A conclusão é de um estudo anunciado nesta quinta-feira (14/02), durante a reunião anual da American Association for the Advancement of Science (AAAS), em Boston, nos Estados Unidos.
A pesquisa foi conduzida por um grupo internacional de cientistas, que analisou quatro anos de dados obtidos por meio do telescópio espacial de raios gama Fermi, da Nasa. É a primeira evidência considerada inequívoca da origem dos raios cósmicos. Os resultados da pesquisa também foram publicados na nova edição da revista Science.
Os cientistas identificaram sinais de duas supernovas antigas (a W44, a 5 mil anos-luz da Terra, e a IC 443, a 10 mil anos-luz), cujas ondas de choques produzidas por suas explosões aceleraram prótons a velocidades próximas à da luz, transformando as partículas naquilo que se convencionou chamar de raios cósmicos.
De acordo com o líder do estudo, o astrofísico alemão Stefan Funk, da Universidade Stanford e do Instituto Kavli para Partículas Astrofísicas e Cosmologia do Departamento de Energia dos Estados Unidos, quando esses prótons carregados de energia se chocam com prótons estáticos em meio a gás ou poeira estelar, o resultado é a produção de raios gama com características distintas.
“Raios cósmicos não são exatamente raios, mas basicamente prótons. No entanto, não são todas as partículas subatômicas aceleradas em uma supernova que se transformam em raios cósmicos, e sim uma pequena parte”, disse Funk.
De acordo com o cientista, prótons compõem mais de 90% dos raios cósmicos que atingem a atmosfera terrestre na forma de duchas de partículas, produzindo radiação.
“Eles nos acertam o tempo todo, mas não fazem mal e correspondem a uma ínfima parte da radiação no planeta. Durante a história do Sistema Solar, porém, essas partículas têm sido muito importantes, tendo influenciado a evolução da galáxia”, disse Funk. “Uma característica que acho especial nos raios cósmicos é que eles têm origem a partir das maiores explosões em nossa galáxia, que aceleram as menores das partículas.”
Píons
Os cientistas há anos estipulavam que as duas fontes mais prováveis para a produção de raios cósmicos seriam explosões de supernovas na Via Láctea ou jatos de energia derivados de buracos negros além da galáxia. Isso por causa da dimensão dos fenômenos, uma vez que, para lançar partículas por toda a galáxia, a fonte teria que ter uma energia suficiente para tanto. Mas até o momento não haviam sido encontradas evidências que comprovassem essas suspeitas.

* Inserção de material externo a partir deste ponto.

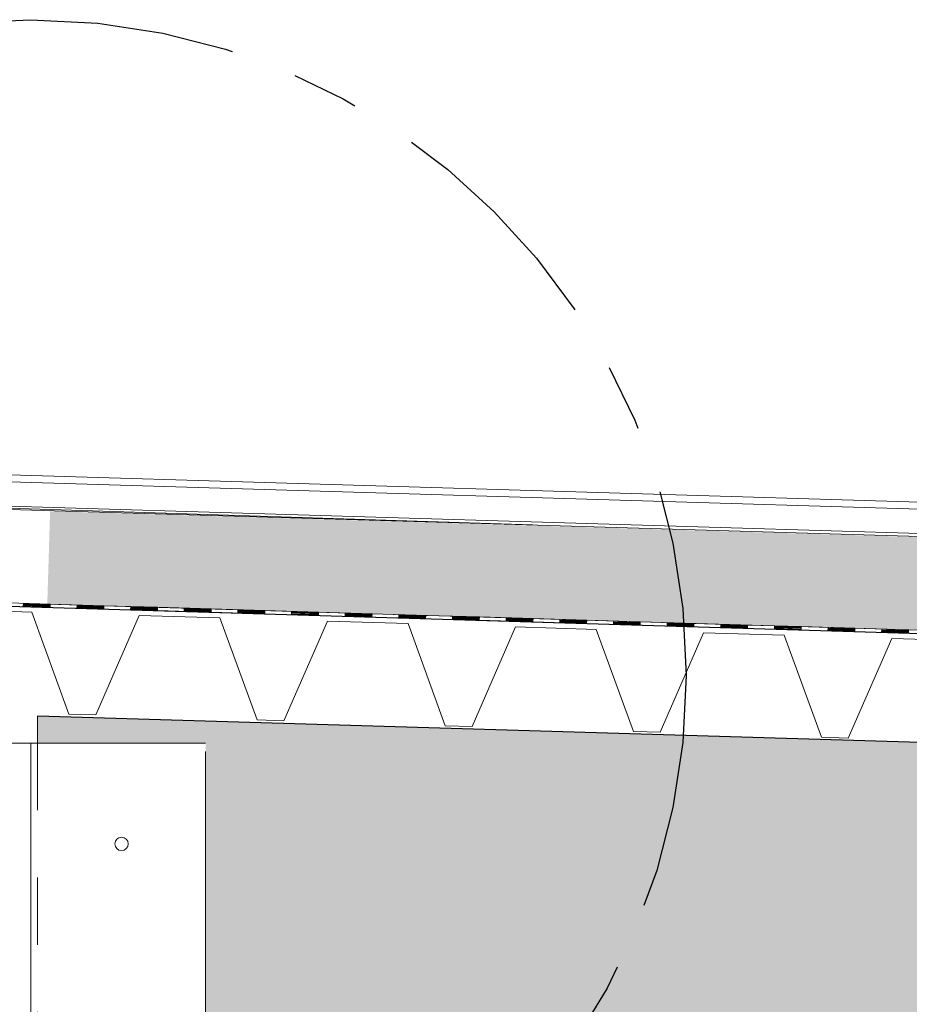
# Model space of a CAD drawing. Header units: metres. Extents: x 1314 to 1415, y -87 to -52.
# Tile 64 of 256: x 1318.32 to 1319.64, y -55.92 to -54.46. Entities that reach past the tile are written whole.
import ezdxf

# ---------------------------------------------------------------- set-up
doc = ezdxf.new("R2010")
doc.units = ezdxf.units.M
doc.header["$PDMODE"] = 65
for name, pattern in [('AUSGEZOGEN', [0]), ('STRICHPUNKT2_S5', [0.5, 0.35, -0.05, 0.05, -0.05]), ('VERDECKT2_S2', [0.15, 0.1, -0.05])]:
    doc.linetypes.add(name, pattern=pattern)
for name, color, linetype, lineweight in [('XR$2$Allgemein', 4, 'AUSGEZOGEN', 13), ('XR$2$Ansicht', 1, 'AUSGEZOGEN', 50), ('XR$2$Design', 4, 'AUSGEZOGEN', 13), ('XR$2$KALZIP', 7, 'AUSGEZOGEN', 13), ('XR$2$Möblierung', 4, 'AUSGEZOGEN', 13), ('XR$3$DETAIL', 7, 'AUSGEZOGEN', 25), ('XR$3$Maßlinie 1_50', 7, 'AUSGEZOGEN', 25), ('XR$4$Muster', 4, 'AUSGEZOGEN', 13)]:
    doc.layers.add(name, color=color, linetype=linetype, lineweight=lineweight)
doc.styles.add('ARIAL', font='arial.ttf')
doc.dimstyles.new('DIMSTYLE_3', dxfattribs={"dimtxt": 0.125, "dimasz": 0.15, "dimexe": 0, "dimexo": 0, "dimgap": 0.0625, "dimtad": 2, "dimdec": 1, "dimlfac": 100, "dimrnd": 0.5, "dimzin": 4, "dimdsep": 46, "dimtxsty": 'ARIAL', "dimblk1": 'ALL_ML_KREIS', "dimblk2": 'ALL_ML_KREIS', "dimsah": 1, "dimcen": 0, "dimclrd": 3, "dimclre": 3, "dimclrt": 3, "dimadec": 0, "dimazin": 0, "dimtfac": 1, "dimtdec": 0, "dimtix": 1, "dimtmove": 2, "dimatfit": 3, "dimfxl": 0, "dimtvp": 1.2, "dimtzin": 0, "dimlwd": 0, "dimlwe": 25, "dimarcsym": 0})
doc.dimstyles.new('DIMSTYLE_5', dxfattribs={"dimtxt": 0.125, "dimasz": 0.15, "dimexe": 0, "dimexo": 0, "dimgap": 0.0625, "dimtad": 2, "dimrnd": 0.005, "dimzin": 4, "dimdsep": 46, "dimtxsty": 'ARIAL', "dimblk1": 'ALL_ML_KREIS', "dimblk2": 'ALL_ML_KREIS', "dimsah": 1, "dimcen": 0, "dimclrd": 3, "dimclre": 3, "dimclrt": 3, "dimadec": 0, "dimazin": 0, "dimtfac": 1, "dimtdec": 0, "dimtix": 1, "dimtmove": 2, "dimatfit": 3, "dimfxl": 0, "dimtzin": 0, "dimlwd": 0, "dimlwe": 25, "dimarcsym": 0})

# ---------------------------------------------------------------- blocks, each defined once
blk = doc.blocks.new('MUSTERELEMENT_36')
at = {"layer": 'XR$2$Design', "color": 4, "linetype": 'AUSGEZOGEN', "lineweight": 13, "transparency": 33554687}
for p, q in [((1318.3604, -55.3306), (1318.2806, -55.3282)), ((1318.3606, -55.3256), (1318.2808, -55.3232)), ((1318.3207, -55.3244), (1318.3205, -55.3294)), ((1318.3605, -55.3296), (1318.3205, -55.3284)), ((1318.3605, -55.3266), (1318.3206, -55.3254)), ((1318.3605, -55.3276), (1318.3206, -55.3264)), ((1318.3605, -55.3286), (1318.3206, -55.3274)), ((1318.3606, -55.3256), (1318.3604, -55.3306)), ((1318.3606, -55.3256), (1318.3604, -55.3306)), ((1318.4404, -55.328), (1318.3606, -55.3256)), ((1318.4005, -55.3268), (1318.4003, -55.3318)), ((1318.4404, -55.329), (1318.4004, -55.3278)), ((1318.4403, -55.33), (1318.4004, -55.3288)), ((1318.4404, -55.328), (1318.4402, -55.333)), ((1318.4404, -55.328), (1318.4402, -55.333)), ((1318.5202, -55.3304), (1318.4404, -55.328)), ((1318.4803, -55.3292), (1318.4801, -55.3342)), ((1318.4402, -55.333), (1318.3604, -55.3306)), ((1318.4403, -55.331), (1318.4004, -55.3298)), ((1318.4403, -55.332), (1318.4004, -55.3308)), ((1318.52, -55.3354), (1318.4402, -55.333)), ((1318.5201, -55.3324), (1318.4802, -55.3312)), ((1318.5201, -55.3334), (1318.4802, -55.3322)), ((1318.5201, -55.3344), (1318.4802, -55.3332)), ((1318.5202, -55.3314), (1318.4803, -55.3302)), ((1318.5202, -55.3304), (1318.52, -55.3354)), ((1318.5202, -55.3304), (1318.52, -55.3354)), ((1318.5999, -55.3378), (1318.52, -55.3354)), ((1318.6, -55.3328), (1318.5202, -55.3304)), ((1318.5601, -55.3316), (1318.56, -55.3366)), ((1318.6, -55.3348), (1318.56, -55.3336)), ((1318.5999, -55.3358), (1318.56, -55.3346)), ((1318.5999, -55.3368), (1318.56, -55.3356)), ((1318.6, -55.3338), (1318.5601, -55.3326)), ((1318.6, -55.3328), (1318.5999, -55.3378)), ((1318.6, -55.3328), (1318.5999, -55.3378)), ((1318.6797, -55.3402), (1318.5999, -55.3378)), ((1318.6798, -55.3352), (1318.6, -55.3328)), ((1318.6399, -55.334), (1318.6398, -55.339)), ((1318.6797, -55.3382), (1318.6398, -55.337)), ((1318.6797, -55.3392), (1318.6398, -55.338)), ((1318.6798, -55.3362), (1318.6399, -55.335)), ((1318.6798, -55.3372), (1318.6399, -55.336)), ((1318.6798, -55.3352), (1318.6797, -55.3402)), ((1318.6798, -55.3352), (1318.6797, -55.3402)), ((1318.7595, -55.3426), (1318.6797, -55.3402)), ((1318.7596, -55.3376), (1318.6798, -55.3352)), ((1318.7197, -55.3364), (1318.7196, -55.3414)), ((1318.7595, -55.3406), (1318.7196, -55.3394)), ((1318.7595, -55.3416), (1318.7196, -55.3404)), ((1318.7596, -55.3386), (1318.7197, -55.3374)), ((1318.7596, -55.3396), (1318.7197, -55.3384)), ((1318.7596, -55.3376), (1318.7595, -55.3426)), ((1318.7596, -55.3376), (1318.7595, -55.3426)), ((1318.8393, -55.345), (1318.7595, -55.3426)), ((1318.8395, -55.34), (1318.7596, -55.3376)), ((1318.7995, -55.3388), (1318.7994, -55.3438)), ((1318.8393, -55.344), (1318.7994, -55.3428)), ((1318.8394, -55.341), (1318.7995, -55.3398)), ((1318.8394, -55.342), (1318.7995, -55.3408)), ((1318.8394, -55.343), (1318.7995, -55.3418)), ((1318.8395, -55.34), (1318.8393, -55.345)), ((1318.8395, -55.34), (1318.8393, -55.345)), ((1318.9193, -55.3424), (1318.8395, -55.34)), ((1318.8794, -55.3412), (1318.8792, -55.3462)), ((1318.9192, -55.3434), (1318.8793, -55.3422)), ((1318.9192, -55.3444), (1318.8793, -55.3432)), ((1318.9193, -55.3424), (1318.9191, -55.3474)), ((1318.9193, -55.3424), (1318.9191, -55.3474)), ((1318.9991, -55.3448), (1318.9193, -55.3424)), ((1318.9592, -55.3436), (1318.959, -55.3486)), ((1318.9191, -55.3474), (1318.8393, -55.345)), ((1318.9191, -55.3464), (1318.8792, -55.3452)), ((1318.9192, -55.3454), (1318.8793, -55.3442)), ((1318.9989, -55.3498), (1318.9191, -55.3474)), ((1318.999, -55.3488), (1318.959, -55.3476)), ((1318.999, -55.3458), (1318.9591, -55.3446)), ((1318.999, -55.3468), (1318.9591, -55.3456)), ((1318.999, -55.3478), (1318.9591, -55.3466)), ((1318.9991, -55.3448), (1318.9989, -55.3498)), ((1318.9991, -55.3448), (1318.9989, -55.3498)), ((1319.0787, -55.3522), (1318.9989, -55.3498)), ((1319.0789, -55.3472), (1318.9991, -55.3448)), ((1319.039, -55.346), (1319.0388, -55.351)), ((1319.0788, -55.3492), (1319.0389, -55.348)), ((1319.0788, -55.3502), (1319.0389, -55.349)), ((1319.0788, -55.3512), (1319.0389, -55.35)), ((1319.0789, -55.3482), (1319.039, -55.347)), ((1319.0789, -55.3472), (1319.0787, -55.3522)), ((1319.0789, -55.3472), (1319.0787, -55.3522)), ((1319.1586, -55.3546), (1319.0787, -55.3522)), ((1319.1587, -55.3496), (1319.0789, -55.3472)), ((1319.1188, -55.3484), (1319.1186, -55.3534)), ((1319.1586, -55.3516), (1319.1187, -55.3504)), ((1319.1586, -55.3526), (1319.1187, -55.3514)), ((1319.1586, -55.3536), (1319.1187, -55.3524)), ((1319.1587, -55.3506), (1319.1188, -55.3494)), ((1319.1587, -55.3496), (1319.1586, -55.3546)), ((1319.1587, -55.3496), (1319.1586, -55.3546)), ((1319.2384, -55.357), (1319.1586, -55.3546)), ((1319.2385, -55.352), (1319.1587, -55.3496)), ((1319.1986, -55.3508), (1319.1985, -55.3558)), ((1319.2385, -55.354), (1319.1985, -55.3528)), ((1319.2384, -55.355), (1319.1985, -55.3538)), ((1319.2384, -55.356), (1319.1985, -55.3548)), ((1319.2385, -55.353), (1319.1986, -55.3518)), ((1319.2385, -55.352), (1319.2384, -55.357)), ((1319.2385, -55.352), (1319.2384, -55.357)), ((1319.3182, -55.3594), (1319.2384, -55.357)), ((1319.3183, -55.3544), (1319.2385, -55.352)), ((1319.2784, -55.3532), (1319.2783, -55.3582)), ((1319.3182, -55.3574), (1319.2783, -55.3562)), ((1319.3182, -55.3584), (1319.2783, -55.3572)), ((1319.3183, -55.3554), (1319.2784, -55.3542)), ((1319.3183, -55.3564), (1319.2784, -55.3552)), ((1319.3183, -55.3544), (1319.3182, -55.3594)), ((1319.3183, -55.3544), (1319.3182, -55.3594)), ((1319.3981, -55.3568), (1319.3183, -55.3544)), ((1319.3582, -55.3556), (1319.3581, -55.3606)), ((1319.3981, -55.3598), (1319.3581, -55.3586)), ((1319.3981, -55.3578), (1319.3582, -55.3566)), ((1319.3981, -55.3588), (1319.3582, -55.3576)), ((1319.3981, -55.3568), (1319.398, -55.3618)), ((1319.3981, -55.3568), (1319.398, -55.3618)), ((1319.478, -55.3592), (1319.3981, -55.3568)), ((1319.438, -55.358), (1319.4379, -55.363)), ((1319.398, -55.3618), (1319.3182, -55.3594)), ((1319.398, -55.3608), (1319.3581, -55.3596)), ((1319.4778, -55.3642), (1319.398, -55.3618)), ((1319.4778, -55.3632), (1319.4379, -55.362)), ((1319.4779, -55.3602), (1319.438, -55.359)), ((1319.4779, -55.3612), (1319.438, -55.36)), ((1319.4779, -55.3622), (1319.438, -55.361)), ((1319.478, -55.3592), (1319.4778, -55.3642)), ((1319.478, -55.3592), (1319.4778, -55.3642)), ((1319.5576, -55.3666), (1319.4778, -55.3642)), ((1319.5578, -55.3616), (1319.478, -55.3592)), ((1319.5179, -55.3604), (1319.5177, -55.3654)), ((1319.5576, -55.3656), (1319.5177, -55.3644)), ((1319.5577, -55.3626), (1319.5178, -55.3614)), ((1319.5577, -55.3636), (1319.5178, -55.3624)), ((1319.5577, -55.3646), (1319.5178, -55.3634)), ((1319.5578, -55.3616), (1319.5576, -55.3666)), ((1319.5578, -55.3616), (1319.5576, -55.3666)), ((1319.6374, -55.3689), (1319.5576, -55.3666)), ((1319.6376, -55.364), (1319.5578, -55.3616)), ((1319.5977, -55.3628), (1319.5975, -55.3678)), ((1319.6375, -55.3649), (1319.5976, -55.3638)), ((1319.6375, -55.3659), (1319.5976, -55.3648)), ((1319.6375, -55.3669), (1319.5976, -55.3658)), ((1319.6375, -55.3679), (1319.5976, -55.3668)), ((1319.6376, -55.364), (1319.6374, -55.3689)), ((1319.6376, -55.364), (1319.6374, -55.3689)), ((1319.7172, -55.3713), (1319.6374, -55.3689)), ((1319.7174, -55.3663), (1319.6376, -55.364))]:
    blk.add_line(p, q, dxfattribs=at)
blk = doc.blocks.new('ALL_ML_KREIS')
at = {"color": 0, "linetype": 'ByBlock', "lineweight": -2}
for p, q in [((0, -0.5), (0, 0.5)), ((-1, 0), (0.5, 0))]:
    blk.add_line(p, q, dxfattribs=at)
blk.add_circle((0, 0), 0.15, dxfattribs=at)
blk = doc.blocks.new('*D81')
at = {"layer": 'DEFPOINTS', "color": 3, "linetype": 'AUSGEZOGEN', "lineweight": 25, "transparency": 33554687}
for p in [(1318.1917, -55.1748), (1318.0417, -57.9251), (1318.0417, -64.661)]:
    blk.add_point(p, dxfattribs=at)
at = {"layer": 'XR$3$Maßlinie 1_50', "color": 3, "linetype": 'AUSGEZOGEN', "lineweight": -2, "transparency": 33554687}
for p, q in [((1318.0417, -64.361), (1318.0417, -64.661)), ((1318.1917, -64.361), (1318.1917, -64.661)), ((1318.0417, -64.661), (1318.1917, -64.661))]:
    blk.add_line(p, q, dxfattribs=at)
at = {"layer": 'XR$3$Maßlinie 1_50', "color": 3, "linetype": 'AUSGEZOGEN', "lineweight": 25, "transparency": 33554687, "xscale": 0.15, "yscale": 0.15, "zscale": 0.15, "rotation": 180}
blk.add_blockref('ALL_ML_KREIS', (1318.0417, -64.661), dxfattribs=at)
at = {"layer": 'XR$3$Maßlinie 1_50', "color": 3, "linetype": 'AUSGEZOGEN', "lineweight": 25, "transparency": 33554687, "xscale": 0.15, "yscale": 0.15, "zscale": 0.15}
blk.add_blockref('ALL_ML_KREIS', (1318.1917, -64.661), dxfattribs=at)
at = {"layer": 'XR$3$Maßlinie 1_50', "color": 3, "linetype": 'AUSGEZOGEN', "lineweight": 25, "transparency": 33554687, "insert": (1318.0956, -64.4735), "char_height": 0.125, "width": 0.5, "attachment_point": 5, "style": 'ARIAL'}
blk.add_mtext('\\A1;{\\A1;{15\\H0.082500;\\S^ ;}}', dxfattribs=at)
blk = doc.blocks.new('*D82')
at = {"layer": 'DEFPOINTS', "color": 3, "linetype": 'AUSGEZOGEN', "lineweight": 25, "transparency": 33554687}
for p in [(1318.1917, -55.1748), (1332.4917, -56.3136), (1318.1917, -64.661)]:
    blk.add_point(p, dxfattribs=at)
at = {"layer": 'XR$3$Maßlinie 1_50', "color": 3, "linetype": 'AUSGEZOGEN', "lineweight": -2, "transparency": 33554687}
for p, q in [((1318.1917, -64.361), (1318.1917, -64.661)), ((1332.4917, -64.361), (1332.4917, -64.661)), ((1318.1917, -64.661), (1332.4917, -64.661))]:
    blk.add_line(p, q, dxfattribs=at)
at = {"layer": 'XR$3$Maßlinie 1_50', "color": 3, "linetype": 'AUSGEZOGEN', "lineweight": 25, "transparency": 33554687, "xscale": 0.15, "yscale": 0.15, "zscale": 0.15, "rotation": 180}
blk.add_blockref('ALL_ML_KREIS', (1318.1917, -64.661), dxfattribs=at)
at = {"layer": 'XR$3$Maßlinie 1_50', "color": 3, "linetype": 'AUSGEZOGEN', "lineweight": 25, "transparency": 33554687, "xscale": 0.15, "yscale": 0.15, "zscale": 0.15}
blk.add_blockref('ALL_ML_KREIS', (1332.4917, -64.661), dxfattribs=at)
at = {"layer": 'XR$3$Maßlinie 1_50', "color": 3, "linetype": 'AUSGEZOGEN', "lineweight": 25, "transparency": 33554687, "insert": (1325.3461, -64.5463), "char_height": 0.125, "width": 0.625, "attachment_point": 5, "style": 'ARIAL'}
blk.add_mtext('\\A1;{\\A1;{14.30\\H0.082500;\\S^ ;}}', dxfattribs=at)

msp = doc.modelspace()

# ---------------------------------------------------------------- hatches: boundary and pattern name
at = {"layer": 'XR$2$Möblierung', "linetype": 'AUSGEZOGEN', "lineweight": 13, "true_color": 0xcdb691, "transparency": 33554687}
msp.add_hatch(color=43, dxfattribs=at).paths.add_polyline_path([(1332.3417, -55.9123), (1318.3417, -55.4923), (1318.3417, -55.5323), (1318.5917, -55.5323), (1318.5917, -56.7023), (1332.0917, -56.7023), (1332.0917, -55.9524), (1332.3417, -55.9524)])
at = {"layer": 'XR$4$Muster', "linetype": 'AUSGEZOGEN', "lineweight": 13, "transparency": 33554687}
h = msp.add_hatch(dxfattribs=at)
h.set_pattern_fill('MUSTER', color=52, scale=0.0675, style=0, pattern_type=2)
h.set_pattern_definition([(0, (0.135, 0.135), (0.0675, 0.0675), [0.0675, -0.0675]), (90, (0.135, 0.135), (-0.0675, 0.0675), [0.0675, -0.0675])])
h.paths.add_polyline_path([(1318.3562, -55.3257), (1332.3278, -55.7448), (1332.332, -55.6049), (1325.3319, -55.3949), (1318.3604, -55.1875)], flags=0)

# ---------------------------------------------------------------- linework, layer by layer
at = {"layer": 'XR$2$Allgemein', "color": 4, "linetype": 'VERDECKT2_S2', "lineweight": 13, "transparency": 33554687}
msp.add_line((1318.3417, -55.5323), (1318.3417, -56.7023), dxfattribs=at)
at = {"layer": 'XR$2$Ansicht', "color": 4, "linetype": 'AUSGEZOGEN', "lineweight": 13, "transparency": 33554687}
for p, q in [((1318.3417, -55.5323), (1318.3417, -55.4923)), ((1318.5917, -55.5323), (1318.1917, -55.5323)), ((1318.3317, -55.5323), (1318.3317, -56.7123)), ((1318.5917, -62.2451), (1318.5917, -55.5451))]:
    msp.add_line(p, q, dxfattribs=at)
msp.add_lwpolyline([(1318.1917, -55.3831), (1318.2132, -55.3339), (1318.3331, -55.3376), (1318.3885, -55.4893), (1318.4285, -55.4905), (1318.493, -55.3425), (1318.613, -55.3461), (1318.6684, -55.4979), (1318.7083, -55.4991), (1318.7729, -55.351), (1318.8929, -55.3547), (1318.9482, -55.5065), (1318.9882, -55.5077), (1319.0528, -55.3596), (1319.1727, -55.3633), (1319.2281, -55.5151), (1319.2681, -55.5163), (1319.3326, -55.3682), (1319.4526, -55.3719), (1319.508, -55.5237), (1319.5479, -55.5249), (1319.6125, -55.3768), (1319.7325, -55.3805)], dxfattribs=at)
msp.add_circle((1318.4667, -55.6823), 0.01, dxfattribs=at)
at = {"layer": 'XR$2$Design', "color": 4, "lineweight": 13, "transparency": 33554687}
for p, q in [((1332.6086, -55.6132), (1318.2148, -55.1822)), ((1332.3278, -55.7448), (1318.3562, -55.3257))]:
    msp.add_line(p, q, dxfattribs=at)
at = {"layer": 'XR$2$Design', "color": 3, "linetype": 'AUSGEZOGEN', "lineweight": 25, "transparency": 33554687}
for p, q in [((1318.1917, -55.3257), (1332.4917, -55.7547)), ((1332.4917, -55.9168), (1318.3417, -55.4923))]:
    msp.add_line(p, q, dxfattribs=at)
at = {"layer": 'XR$2$KALZIP', "transparency": 33554687}
for p, q in [((1332.6417, -55.5639), (1318.2766, -55.1329)), ((1332.642, -55.5741), (1318.2764, -55.1431)), ((1319.0783, -55.208), (1318.1619, -55.1788)), ((1332.6417, -55.6102), (1318.2749, -55.1792))]:
    msp.add_line(p, q, dxfattribs=at)
at = {"layer": 'XR$3$DETAIL', "color": 3, "linetype": 'STRICHPUNKT2_S5', "lineweight": 25, "transparency": 33554687}
msp.add_circle((1318.3315, -55.4318), 0.9754, dxfattribs=at)

# ---------------------------------------------------------------- block references
at = {"layer": 'XR$2$Design', "color": 4, "linetype": 'AUSGEZOGEN', "lineweight": 13, "transparency": 33554687}
msp.add_blockref('MUSTERELEMENT_36', (0, 0), dxfattribs=at)

# ---------------------------------------------------------------- dimensions: what is measured, and where the dimension line sits
at = {"layer": 'XR$3$Maßlinie 1_50', "color": 3, "linetype": 'AUSGEZOGEN', "lineweight": 25, "transparency": 33554687}
for base, p1, p2, dimstyle, picture, middle in [((1318.1917, -64.661), (1318.0417, -64.361), (1318.1917, -64.361), 'DIMSTYLE_3', '*D81', (1318.0956, -64.4735)), ((1332.4917, -64.661), (1318.1917, -64.361), (1332.4917, -64.361), 'DIMSTYLE_5', '*D82', (1325.3461, -64.5463))]:
    dim = msp.add_linear_dim(base=base, p1=p1, p2=p2, dimstyle=dimstyle, override={"dimpost": '<>', "dimclrd": 3, "dimclre": 3, "dimclrt": 3, "dimlwd": 0, "dimlwe": 25}, dxfattribs=at)
    dim.commit()
    dim.dimension.update_dxf_attribs({"geometry": picture, "text_midpoint": middle, "dimtype": 160})

doc.saveas('drawing.dxf')

A explosão estelar conhecida como supernova é capaz de irradiar energia equivalente à que o Sol emitirá durante toda a sua existência. As ondas de choque de uma supernova aceleram os prótons até os transformarem em raios cósmicos, em um processo no qual os prótons são presos nas regiões de choque – que se aceleram cada vez mais – por campos magnéticos.
“As energias desses prótons estão muito além do que os maiores aceleradores de partículas da Terra, como o LHC, são capazes de produzir”, disse Funk.
As colisões entre os prótons cada vez mais rápidos e prótons que se movem bem mais lentamente – e que ocorrem em nuvens de poeira e gás – levam à formação de partículas neutras conhecidas como píons.
Essas partículas subatômicas – descobertas na década de 1940 pelo brasileiro Cesar Lattes, o italiano Giuseppe Occhialini e o britânico Cecil Powell –, por sua vez, decaem em raios gama, uma forma de luz altamente energética. E foi justamente esse decaimento com sua assinatura específica em raios gama que pode ser identificado por telescópios espaciais como o Fermi e comprovou a origem dos raios cósmicos.
“Até agora, tínhamos apenas cálculos teóricos e o senso comum para nos guiar na ideia de que os raios cósmicos têm origem em supernovas. A detecção direta das assinaturas do decaimento dos píons em restos de supernova fecha o circuito, ao fornecer evidências observacionais de um componente significativo dos raios cósmicos”, disse Jerry Ostriker, da Universidade Columbia, também envolvido na descoberta.
Na próxima etapa da pesquisa, o grupo tentará compreender os detalhes do mecanismo de aceleração e as energias máximas com que a explosão de uma supernova podem acelerar prótons.
“É interessante destacar que essa descoberta ocorre no momento em que celebramos o 100o aniversário da descoberta dos raios cósmicos”, disse Roger Blandford, diretor do Kavli Institute, que participou da análise dos dados obtidos no Large Area Telescope do Fermi.
O artigo Detection of the Characteristic Pion-Decay Signature in Supernova Remnants (10.1126/science.1231160) pode ser lido por assinantes da Science em www.sciencemag.org.